Se trata de un municipio del interior de la provincia de Castellón, situado a 146 kilómetros de la ciudad de Valencia y 126 de la de Teruel. Su característica morfología, con sus casas en forma de atalaya, bajo las ruinas del castillo, precipitándose sobre un inmenso valle vertiginoso para la mirada, se debe a su posición en las estribaciones del Sistema Ibérico. Este es un paisaje de muelas, esto es, mesetas horizontales completamente aisladas, formadas por rocas calizas recortadas por la erosión.
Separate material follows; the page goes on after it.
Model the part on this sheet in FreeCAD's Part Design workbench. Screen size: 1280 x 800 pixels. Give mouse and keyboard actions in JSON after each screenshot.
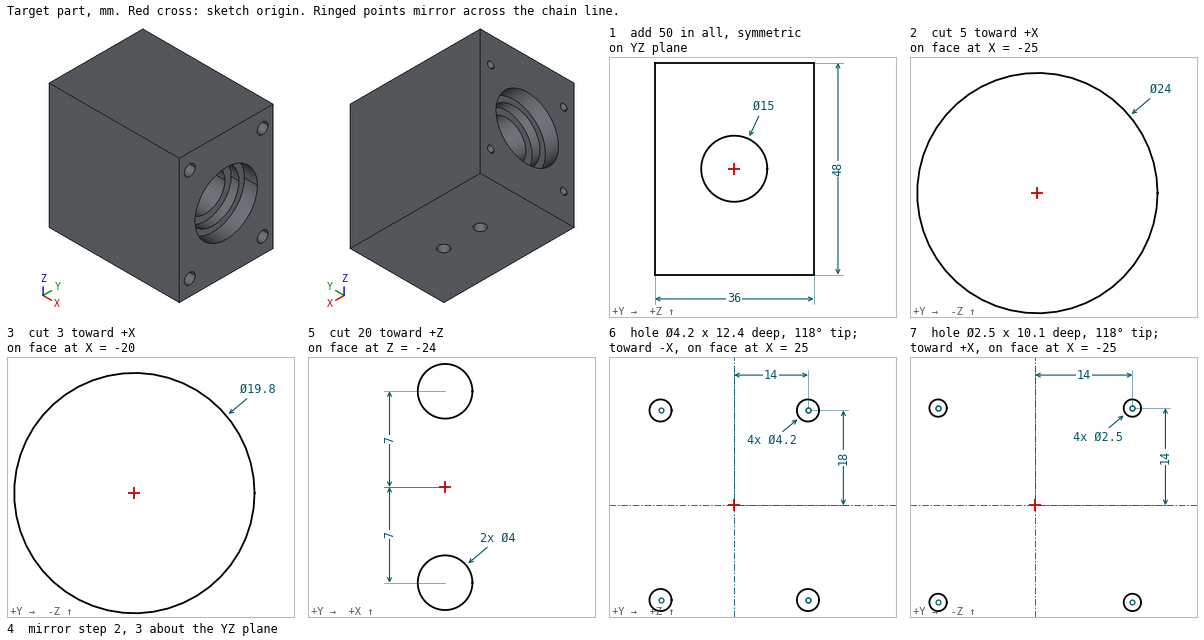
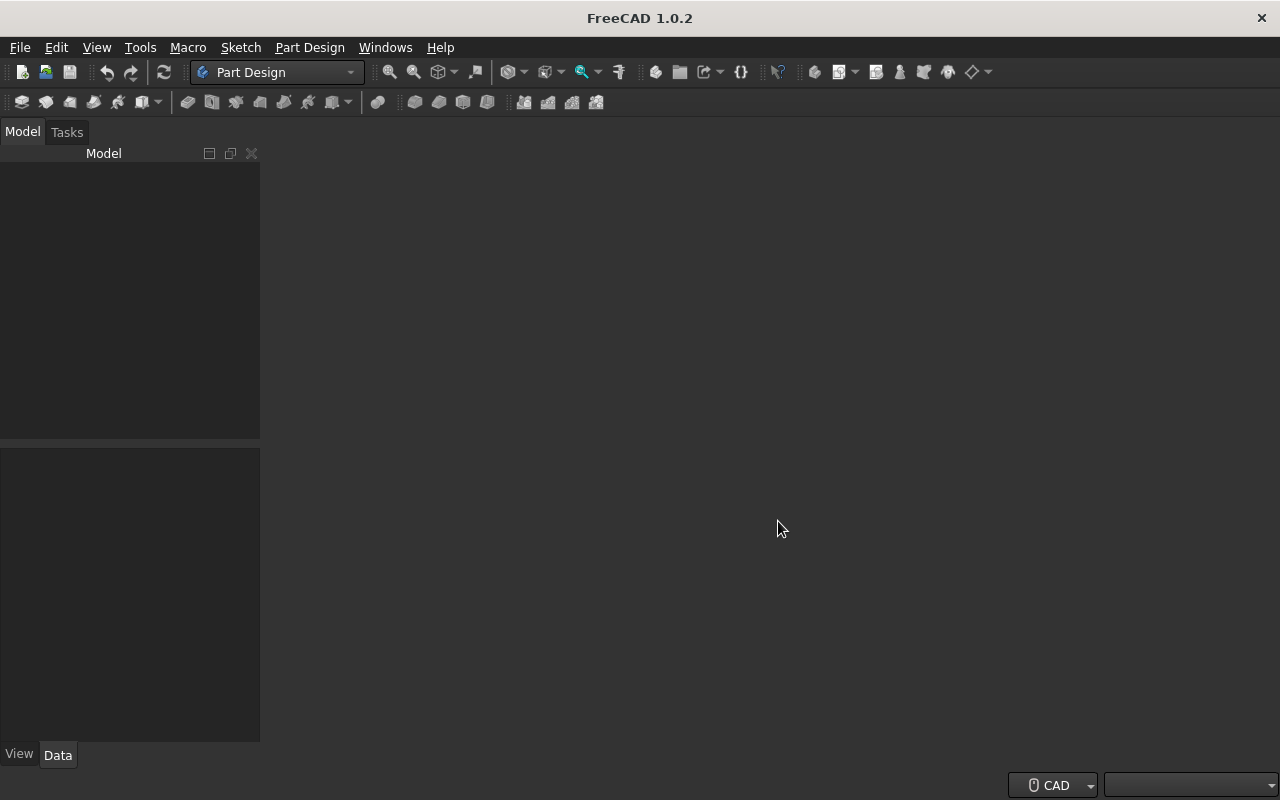
{"action": "left_click", "coordinate": [22, 72]}

La altitud de su término municipal varía entre los 700 y los 1.300 metros y sus temperaturas pueden oscilar desde los -10 grados en invierno a los 30 del verano (clima mediterráneo de montaña).
El lugar está poblado desde la prehistoria, lo cual explica la existencia de vestigios de arte rupestre levantino, sobre todo localizados en la llamada Cueva Remigia. A esta cueva se accede antes de llegar a Ares, en la carretera que viene de Castellón, a través de la Masía Montalbana. Allí nos proporcionan un guía –Eugenio- para subir hasta las pinturas. Precisamente no lejos de este lugar se levanta, en el término de Tírig, el Museo de la Valltorta, centro de conservación del arte rupestre levantino (declarado patrimonio mundial en 1998).
Sin abandonar este vial que sube hacia el pueblo, podemos echar un vistazo al Barranc dels Horts. Se trata de una microreserva de flora única en la península ibérica, con una colección fastuosa de robles monumentales y centenarios (Quercus faginea) que pueden colmar las ansias de autenticidad del visitante más exigente.
Ya vamos entendiendo, pues, que Ares –todo su término- esconde tesoros muy variados. De hecho, hay otro barranco en las inmediaciones, el Barranc dels Molins, donde pueden contemplarse cinco molinos de agua de los siglos XVII y XVIII. Se trata de un vestigio de la época preindustrial, dónde admirar un sistema de conducciones único en los anales de la ingeniería hidráulica.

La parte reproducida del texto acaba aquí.